🤖 AI Summary
In open multi-agent systems, the problem of partially controllable n-agent temporary collaboration (NAHT) remains challenging, as existing approaches predominantly rely on heuristic designs lacking theoretical rigor and interpretable credit assignment mechanisms.
Method: This paper introduces the first integration of cooperative game theory—specifically, the Shapley value’s axiomatic foundation—into a multi-agent reinforcement learning framework. We propose an online Shapley value estimation algorithm grounded in TD(λ), enabling axiomatically compliant state-value decomposition under dynamic environments.
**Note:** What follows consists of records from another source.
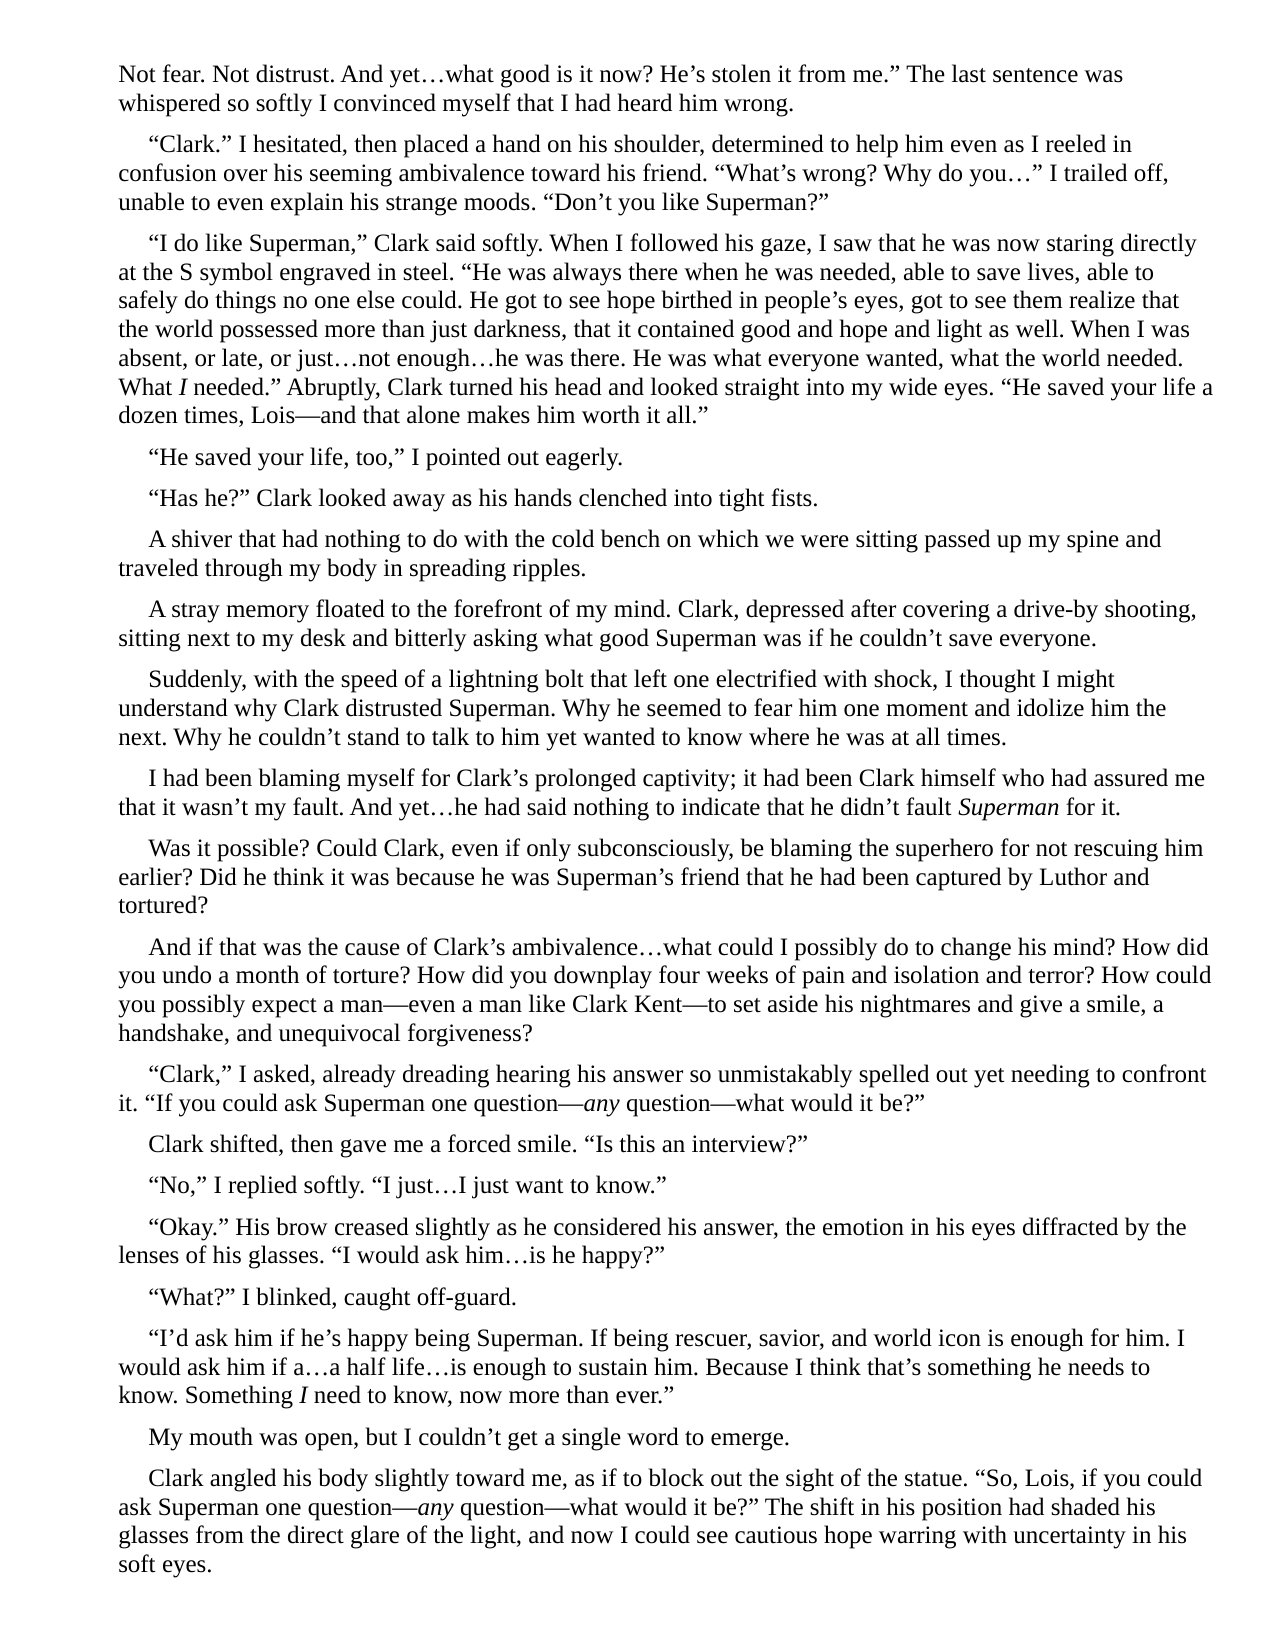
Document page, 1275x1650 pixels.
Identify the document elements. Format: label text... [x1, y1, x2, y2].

text Clark angled his body slightly toward me, as if to block out the sight of the statue. “So, Lois, if you could ask Superman one question—any question—what would it be?” The shift in his position had shaded his glasses from the direct glare of the light, and now I could see cautious hope warring with uncertainty in his soft eyes. [118, 1463, 1216, 1578]
text “He saved your life, too,” I pointed out eagerly. [118, 442, 1216, 470]
text Was it possible? Could Clark, even if only subconsciously, be blaming the superhero for not rescuing him earlier? Did he think it was because he was Superman’s friend that he had been captured by Luthor and tortured? [118, 833, 1216, 919]
text “Okay.” His brow creased slightly as he considered his answer, the emotion in his eyes diffracted by the lenses of his glasses. “I would ask him…is he happy?” [118, 1212, 1216, 1269]
text My mouth was open, but I couldn’t get a single word to emerge. [118, 1422, 1216, 1450]
text “I’d ask him if he’s happy being Superman. If being rescuer, savior, and world icon is enough for him. I would ask him if a…a half life…is enough to sustain him. Because I think that’s something he needs to know. Something I need to know, now more than ever.” [118, 1323, 1216, 1409]
text And if that was the cause of Clark’s ambivalence…what could I possibly do to change his mind? How did you undo a month of torture? How did you downplay four weeks of pain and isolation and terror? How could you possibly expect a man—even a man like Clark Kent—to set aside his nightmares and give a smile, a handshake, and unequivocal forgiveness? [118, 932, 1216, 1047]
text A stray memory floated to the forefront of my mind. Clark, depressed after covering a drive-by shooting, sitting next to my desk and bitterly asking what good Superman was if he couldn’t save everyone. [118, 594, 1216, 652]
text Not fear. Not distrust. And yet…what good is it now? He’s stolen it from me.” The last sentence was whispered so softly I convinced myself that I had heard him wrong. [118, 59, 1216, 117]
text “I do like Superman,” Clark said softly. When I followed his gaze, I saw that he was now staring directly at the S symbol engraved in steel. “He was always there when he was needed, able to save lives, able to safely do things no one else could. He got to see hope birthed in people’s eyes, got to see them realize that the world possessed more than just darkness, that it contained good and hope and light as well. When I was absent, or late, or just…not enough…he was there. He was what everyone wanted, what the world needed. What I needed.” Abruptly, Clark turned his head and looked straight into my wide eyes. “He saved your life a dozen times, Lois—and that alone makes him worth it all.” [118, 228, 1216, 429]
text A shiver that had nothing to do with the cold bench on which we were sitting passed up my spine and traveled through my body in spreading ripples. [118, 524, 1216, 582]
text “Has he?” Clark looked away as his hands clenched into tight fists. [118, 483, 1216, 512]
text “What?” I blinked, caught off-guard. [118, 1282, 1216, 1310]
text I had been blaming myself for Clark’s prolonged captivity; it had been Clark himself who had assured me that it wasn’t my fault. And yet…he had said nothing to indicate that he didn’t fault Superman for it. [118, 763, 1216, 820]
text “No,” I replied softly. “I just…I just want to know.” [118, 1170, 1216, 1199]
text “Clark.” I hesitated, then placed a hand on his shoulder, determined to help him even as I reeled in confusion over his seeming ambivalence toward his friend. “What’s wrong? Why do you…” I trailed off, unable to even explain his strange moods. “Don’t you like Superman?” [118, 129, 1216, 215]
text “Clark,” I asked, already dreading hearing his answer so unmistakably spelled out yet needing to confront it. “If you could ask Superman one question—any question—what would it be?” [118, 1059, 1216, 1117]
text Clark shifted, then gave me a forced smile. “Is this an interview?” [118, 1129, 1216, 1158]
text Suddenly, with the speed of a lightning bolt that left one electrified with shock, I thought I might understand why Clark distrusted Superman. Why he seemed to fear him one moment and idolize him the next. Why he couldn’t stand to talk to him yet wanted to know where he was at all times. [118, 664, 1216, 750]

Contribution/Results: The method ensures both theoretical soundness and attribution interpretability. Empirical evaluation across multiple NAHT benchmark tasks demonstrates significant performance gains over heuristic baselines, validating the unified improvement in collaborative efficacy and principled credit allocation.
📝 Abstract
Open multi-agent systems are increasingly important in modeling real-world applications, such as smart grids, swarm robotics, etc. In this paper, we aim to investigate a recently proposed problem for open multi-agent systems, referred to as n-agent ad hoc teamwork (NAHT), where only a number of agents are controlled. Existing methods tend to be based on heuristic design and consequently lack theoretical rigor and ambiguous credit assignment among agents. To address these limitations, we model and solve NAHT through the lens of cooperative game theory. More specifically, we first model an open multi-agent system, characterized by its value, as an instance situated in a space of cooperative games, generated by a set of basis games. We then extend this space, along with the state space, to accommodate dynamic scenarios, thereby characterizing NAHT. Exploiting the justifiable assumption that basis game values correspond to a sequence of n-step returns with different horizons, we represent the state values for NAHT in a form similar to $lambda$-returns. Furthermore, we derive Shapley values to allocate state values to the controlled agents, as credits for their contributions to the ad hoc team. Different from the conventional approach to shaping Shapley values in an explicit form, we shape Shapley values by fulfilling the three axioms uniquely describing them, well defined on the extended game space describing NAHT. To estimate Shapley values in dynamic scenarios, we propose a TD($lambda$)-like algorithm. The resulting reinforcement learning (RL) algorithm is referred to as Shapley Machine. To our best knowledge, this is the first time that the concepts from cooperative game theory are directly related to RL concepts. In experiments, we demonstrate the effectiveness of Shapley Machine and verify reasonableness of our theory.